Limit laws for sums of random exponentials

We study the limiting distribution of the sum as t → ∞, N → ∞, where (X_i) are i.i.d. random variables. Attention to such exponential sums has been motivated by various problems in random media theory. Examples include the quenched mean population size of a colony of branching processes with random branching rates and the partition function of Derrida’s Random Energy Model. In this paper, the problem is considered under the assumption that the log-tail distribution function h(x) = − log P{X_i > x} is regularly varying at infinity with index 1 < ϱ < ∞. An appropriate scale for the growth of N relative to t is of the form e^λH₀(t), where the rate function H₀(t) is a certain asymptotic version of the cumulant generating function H(t) = log E[e^tXi] provided by Kasahara’s exponential Tauberian theorem.

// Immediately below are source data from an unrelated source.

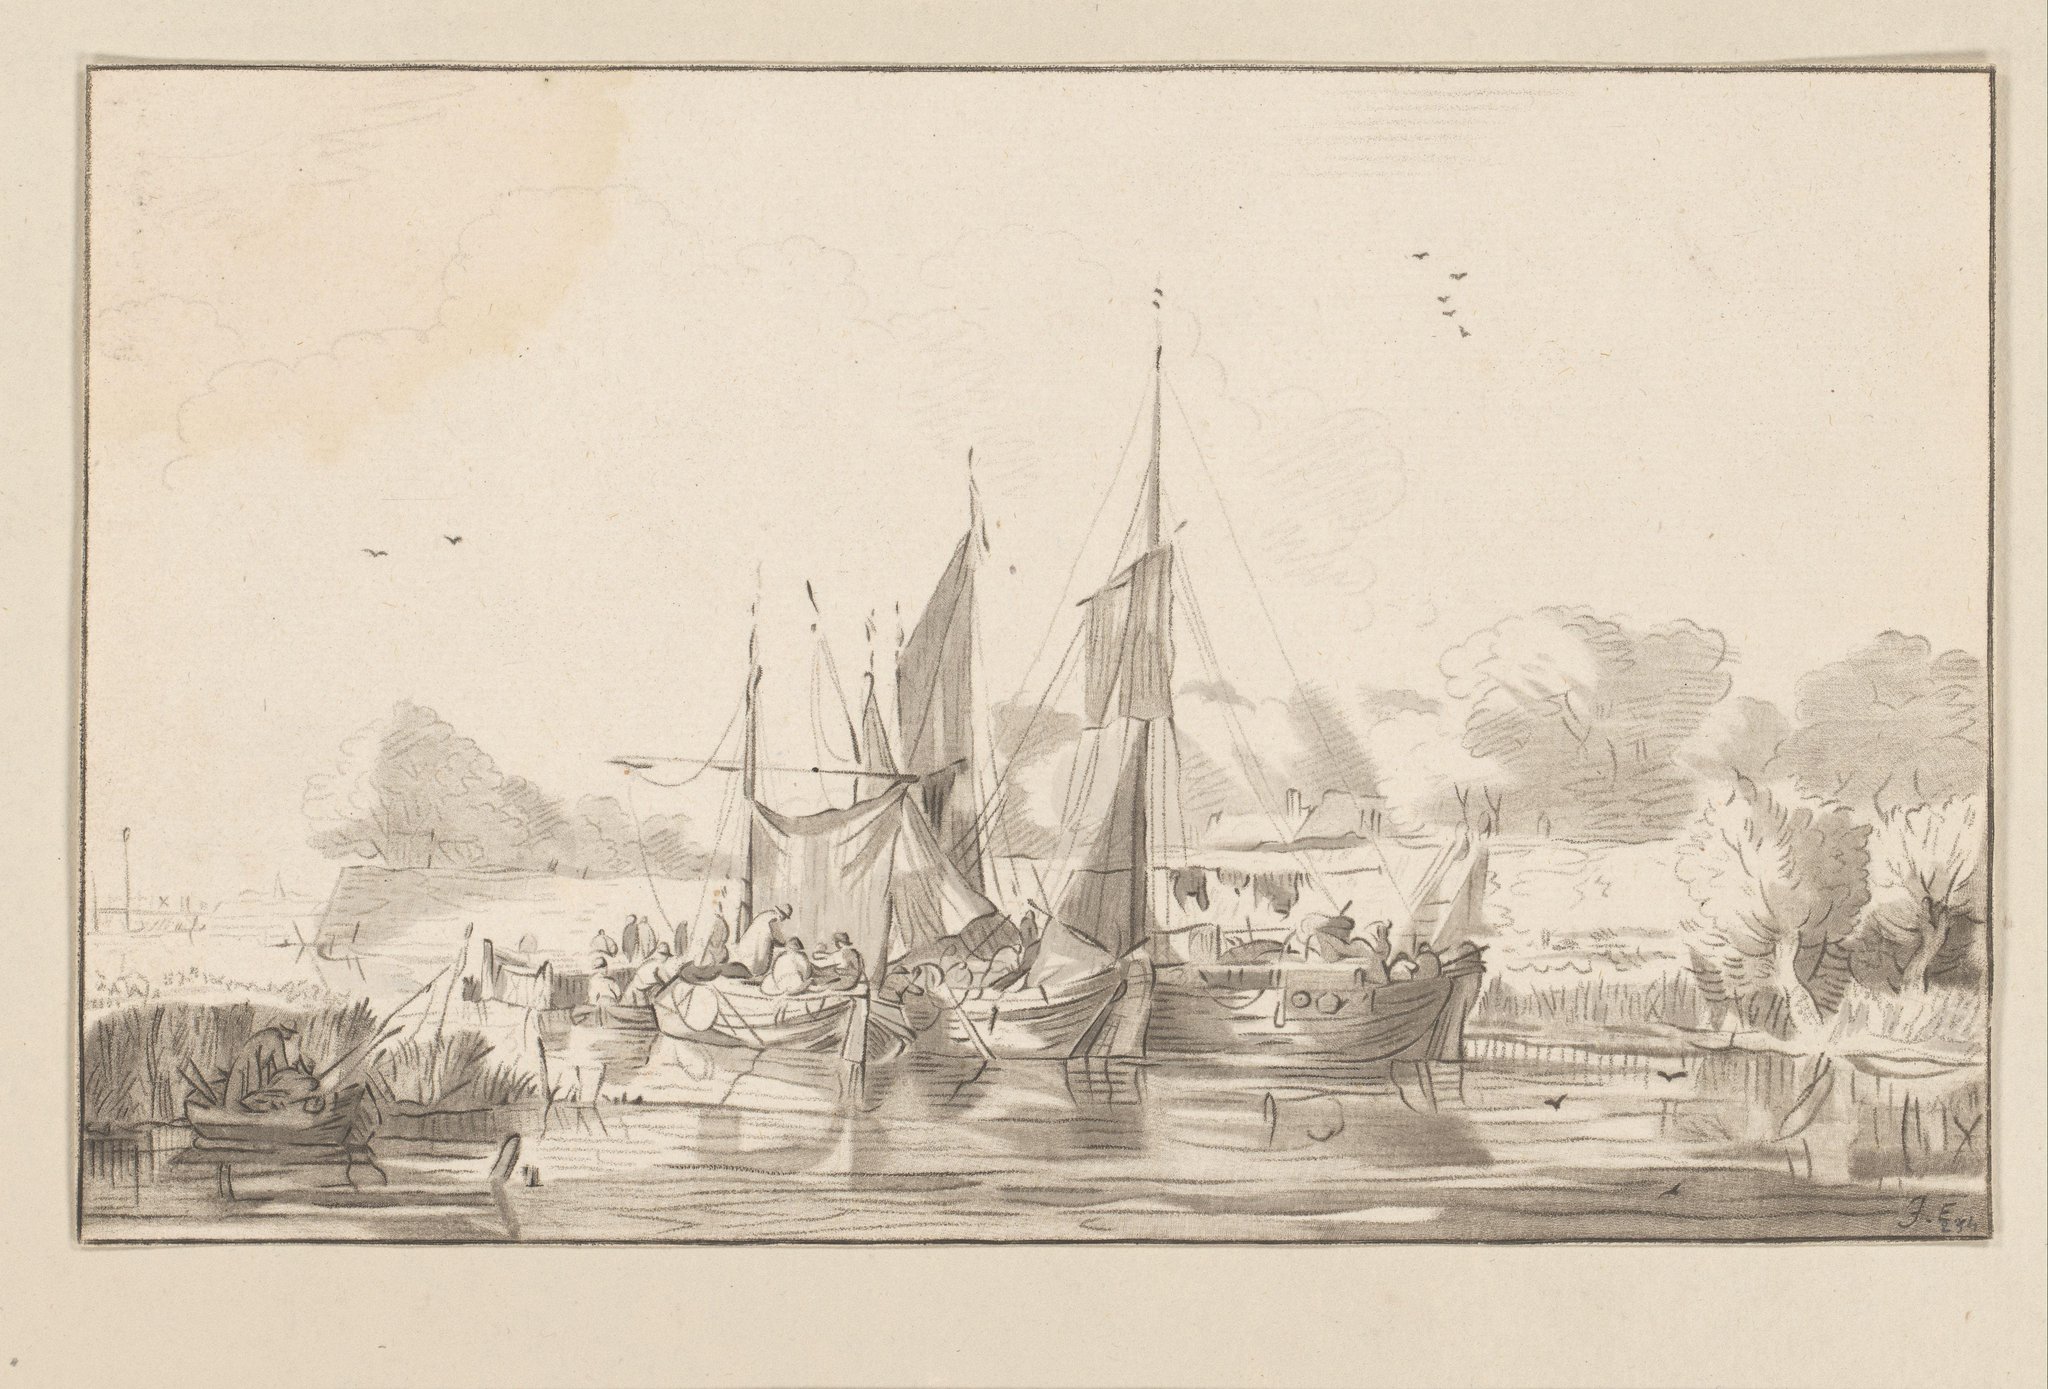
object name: print
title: Riviergezicht
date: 1771-1787
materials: paper
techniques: hand coloring, roulette
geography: amsterdam
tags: sailing-ship, sailing-boat, river
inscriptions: collector's mark: ‘RIJKS / MUSM’, collector's mark: Lugt 2725
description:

We have found two critical points, 0< λ₁< λ₂ < ∞, below which the Law of Large Numbers and the Central Limit Theorem, respectively, break down. Below λ₂, we impose a slightly stronger condition of normalized regular variation of h. The limit laws here appear to be stable, with characteristic exponent α = α(ϱ, λ) ranging from 0 to 2 and with skewness parameter β = 1. A limit theorem for the maximal value of the sample {e^tXi, i = 1, ..., N} is also proved.